Each meeting followed a structure that Nikolai established without discussion and Peter adopted without resistance. Nikolai would specify the time, the location, and what Peter should wear. Peter would arrive on time, dressed as instructed, and submit to whatever evaluation Nikolai had planned. On Tuesday it was a posture assessment at Nikolai's apartment, a stark, obsessively organized two bedroom unit in LoDo with blackout curtains and a full-length posing mirror bolted to the wall. Nikolai had Peter stand in front of the mirror in his boxer briefs while he corrected his anterior pelvic tilt with his hands, pressing one palm flat against Peter's lower back and the other against his abdomen, adjusting the angle of his pelvis with a precision that made Peter's vision blur.

"You're hyperextending the lumbar because you're trying to create the illusion of a posterior chain you haven't built yet," Nikolai said, his mouth close enough to Peter's ear that the words arrived warm. "Stop performing. Stand in your actual body."

On Wednesday, Nikolai measured him. All of him. He produced a cloth tape and a pair of calipers from a leather case and worked through Peter's body with the detached focus of a tailor: neck circumference, shoulder circumference, chest at the nipple line, waist at the navel, hips at the widest point, each thigh, each calf, each bicep flexed and unflexed. He recorded everything in a spreadsheet on his laptop, the numbers populating cells that were already formatted for weekly comparison.

"What's the end goal of all this?" Peter asked, standing in the middle of the room with his arms lifted while Nikolai measured his wingspan.

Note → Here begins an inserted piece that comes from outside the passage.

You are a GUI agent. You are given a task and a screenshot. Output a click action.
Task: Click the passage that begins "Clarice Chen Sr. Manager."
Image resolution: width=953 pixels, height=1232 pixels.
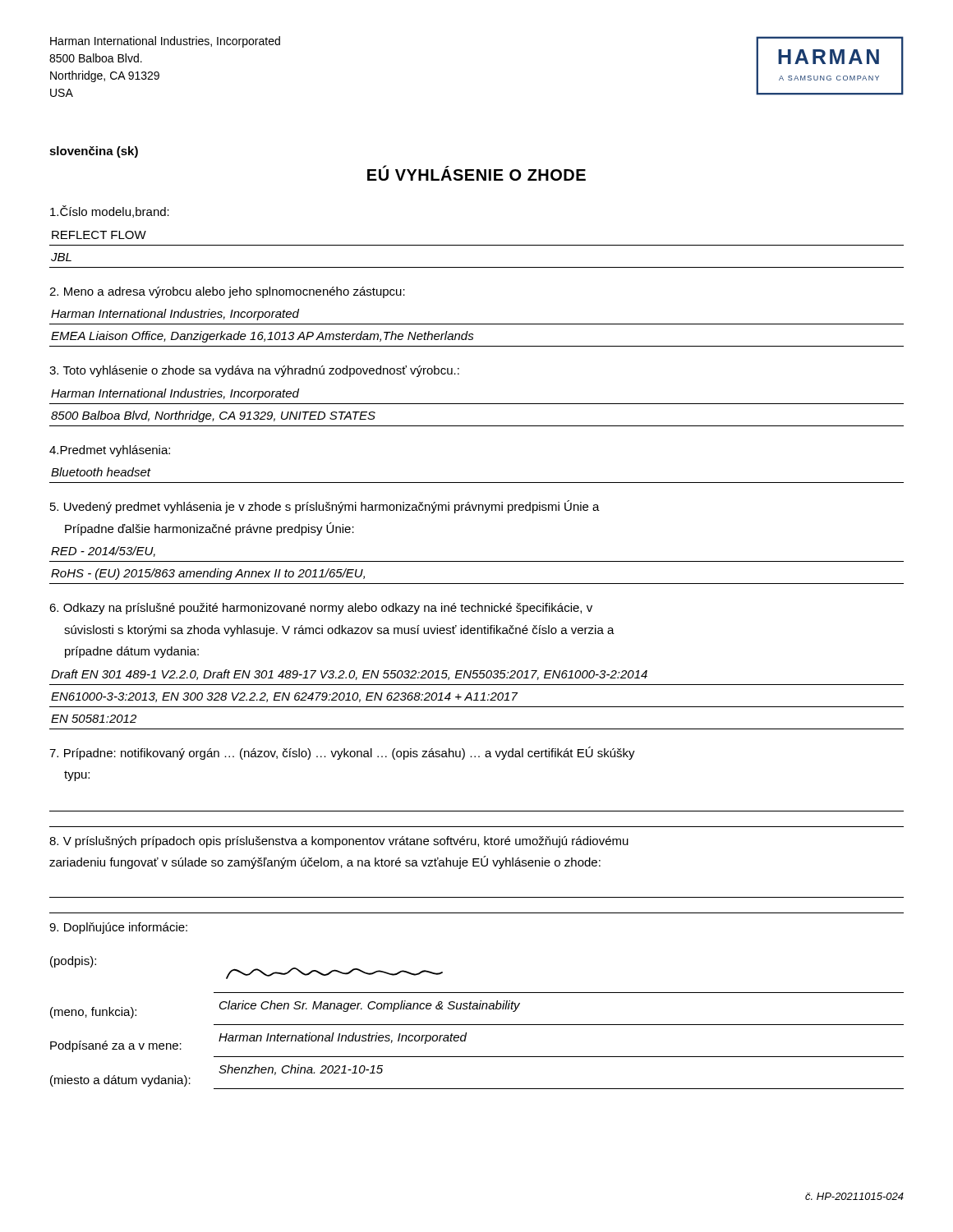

"Clarity," Nikolai said. He pulled the tape taut from fingertip to fingertip, read the number, typed it in. "You've been living in approximation. Probably fourteen percent. Around five-eight. Your entire relationship to your own body is conducted through qualifiers and hedges because precision terrifies you. If you know the exact numbers, you lose the ability to lie to yourself, and you've been relying on those lies to manage your anxiety."

He let the tape retract.

"I'm removing the lies. What's left after that is what we work with."